Porque NO, no se nace guapo (ni feo). Aunque sí es cierto que se puede nacer más o menos deformado, por razones genéticas o de parto. Pero, si las normas sociales imperantes en el ecosistema donde naces valorasen mejor la deformidad, entonces la cosa sería muy diferente. No olvidemos que para todo hay una primera vez. Y en un mundo, que ama lo deforme, el Apolo de Belvedere o la Venus de Milo serían declarados feos oficiales. Aunque la Venus podría ganar algunos punto, debido a que le faltan los antebrazos.

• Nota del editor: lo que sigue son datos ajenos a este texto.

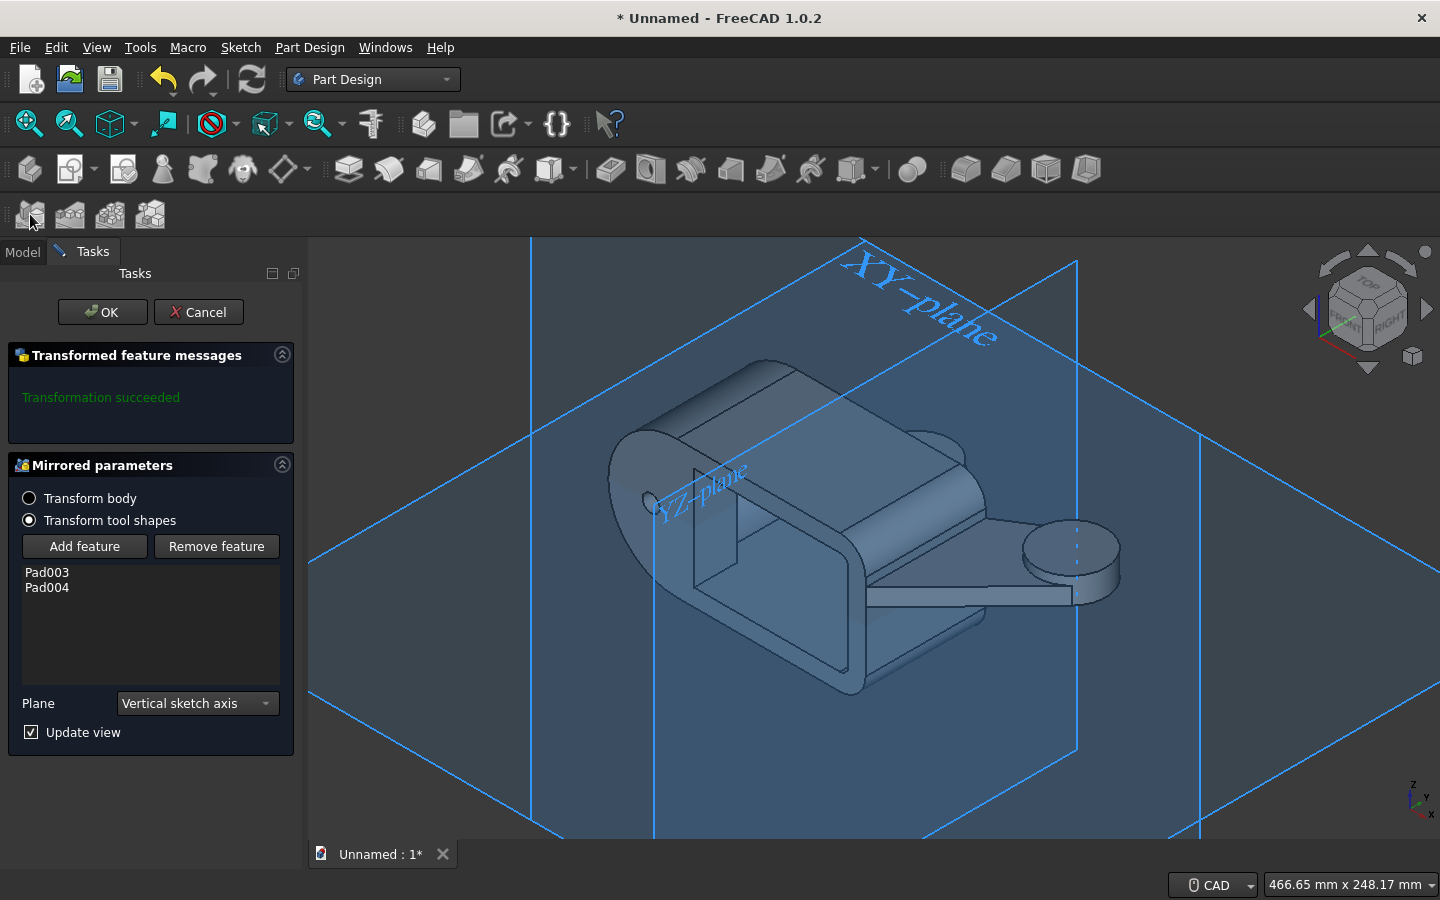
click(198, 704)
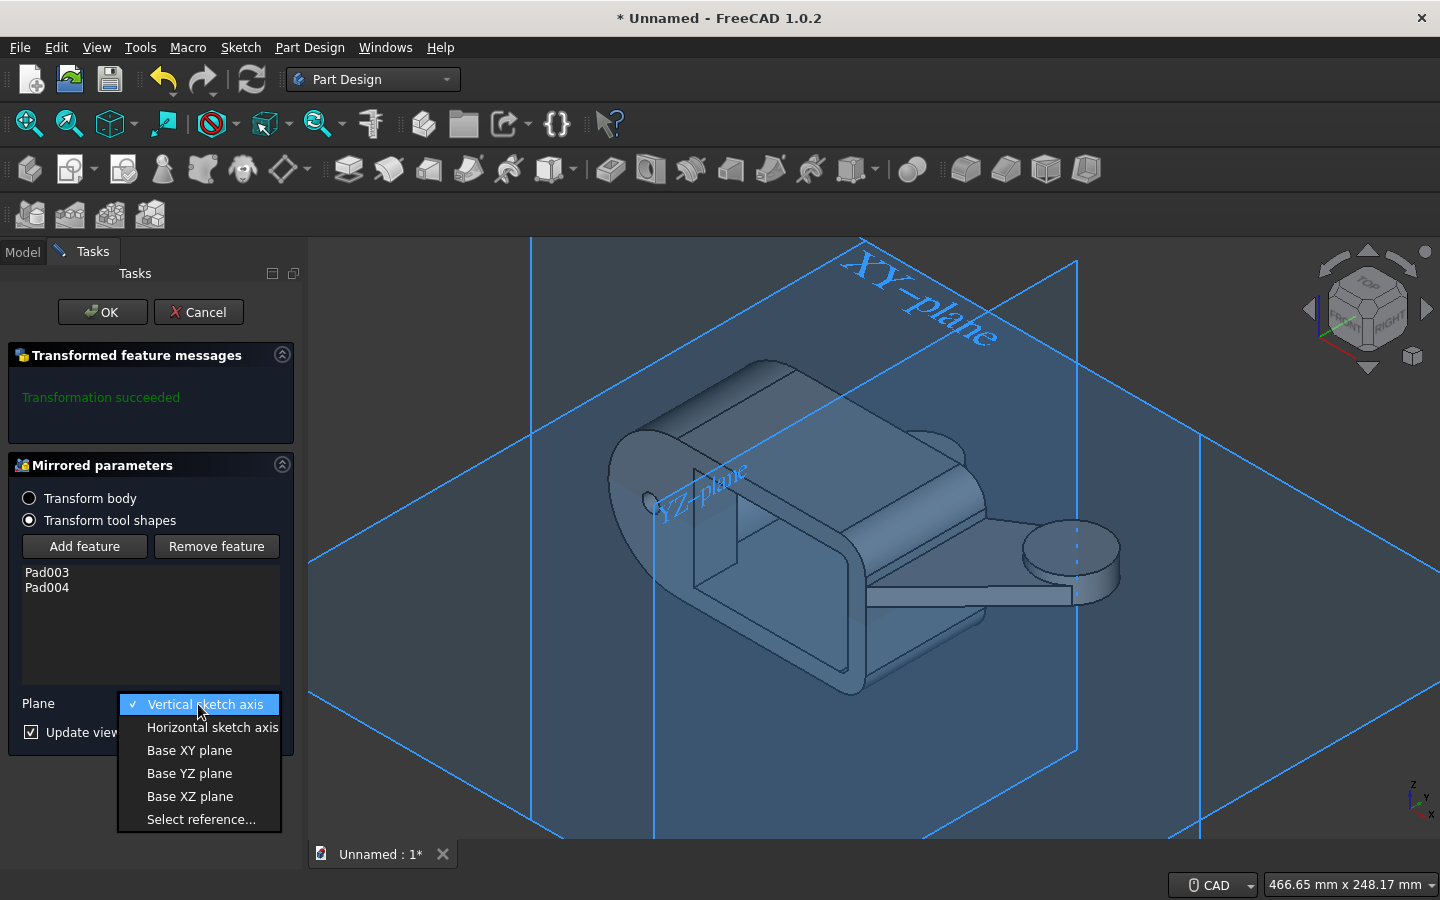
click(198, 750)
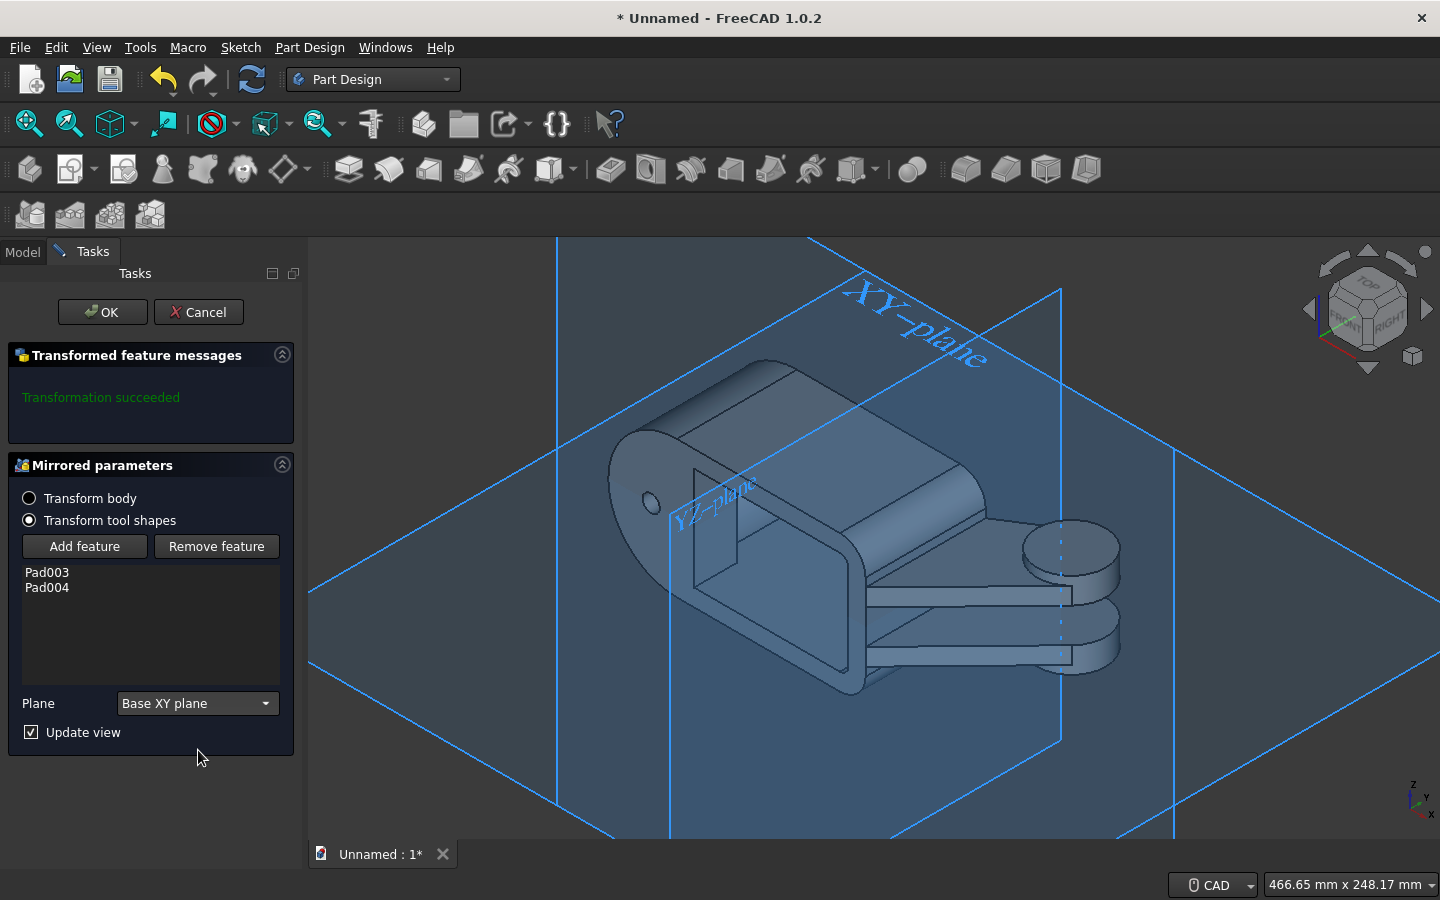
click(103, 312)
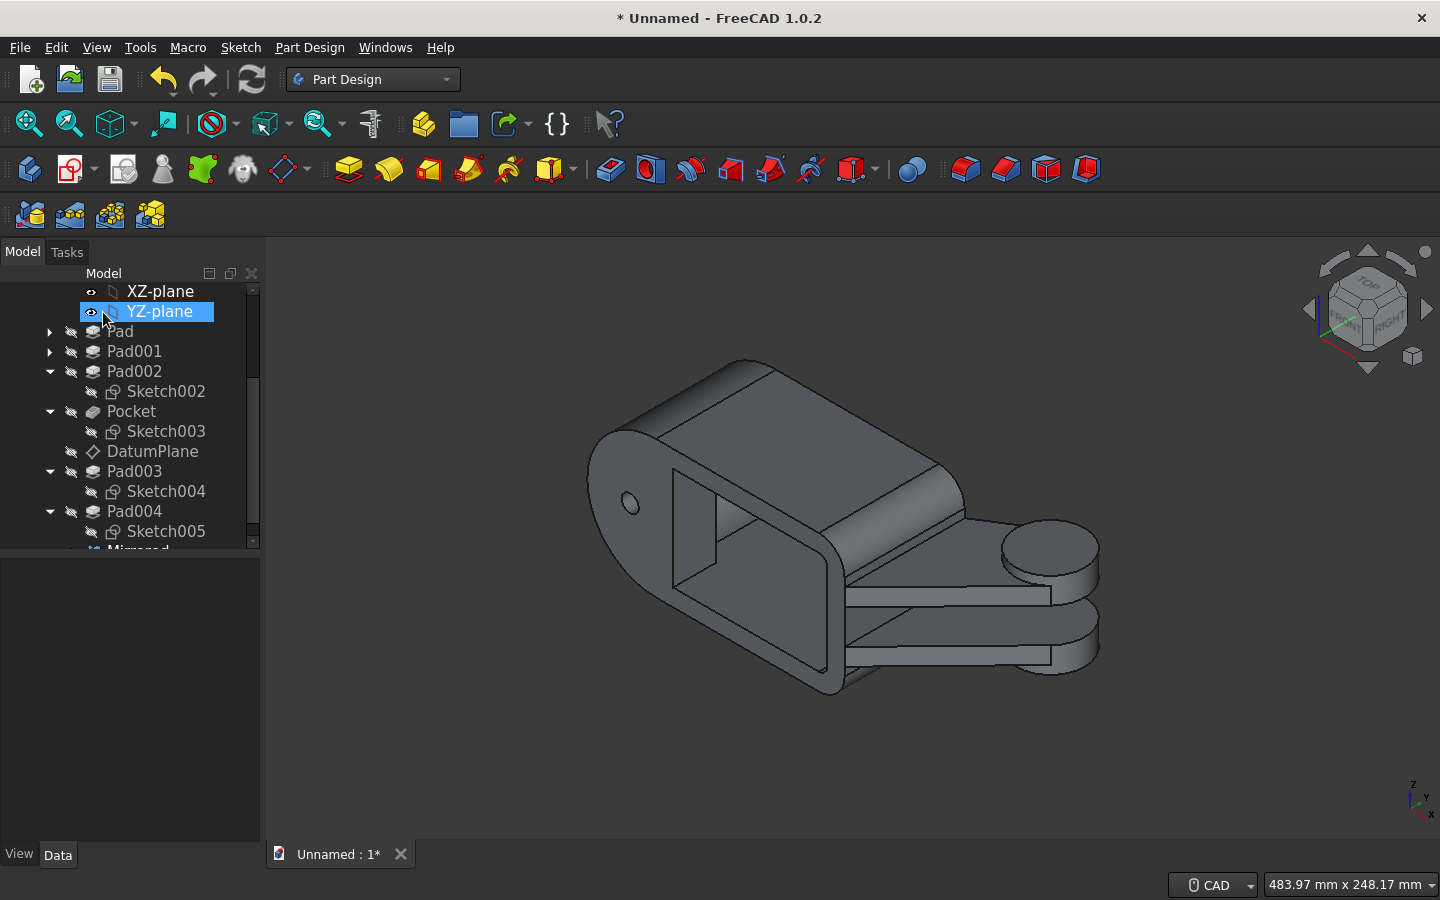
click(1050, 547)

Esta pasión por «lo guapo» es uno de los genes sociales más profundos y persistentes que tiene el imaginario colectivo del planeta Tierra. Aunque realmente es un constructo social, que, por incidir en nuestro comportamiento social, podemos llamarle gen social. Y considerarlo negativo, si nos aferramos a él, olvidando que pertenece al «mundo europeo», debido a su transmisión a través de la cultura grecolatina. No podemos hacerlo un gen social global.
Rubens también tenía su opinión.
Y podemos aprovechar esta entrada en el mundo macho, para hacer ver como incluso el mismo gen social no actúa de la misma forma en el macho que en la hembra. Hay un gen social negativo que ridiculiza la enfermiza persecución femenina por una belleza extrema. Además de que se vende que es para agradar al macho (otro gen social negativo que porta el macho como síndrome directo y la hembra como síndrome indirecto). Pero, por otro lado, no se quiere reconocer que ese tipo de gen (ansiar ser guapo según cánones sociales) también lo lleva injertado el macho, y aún peor : bastante agudizado, aunque, eso sí, más oculto.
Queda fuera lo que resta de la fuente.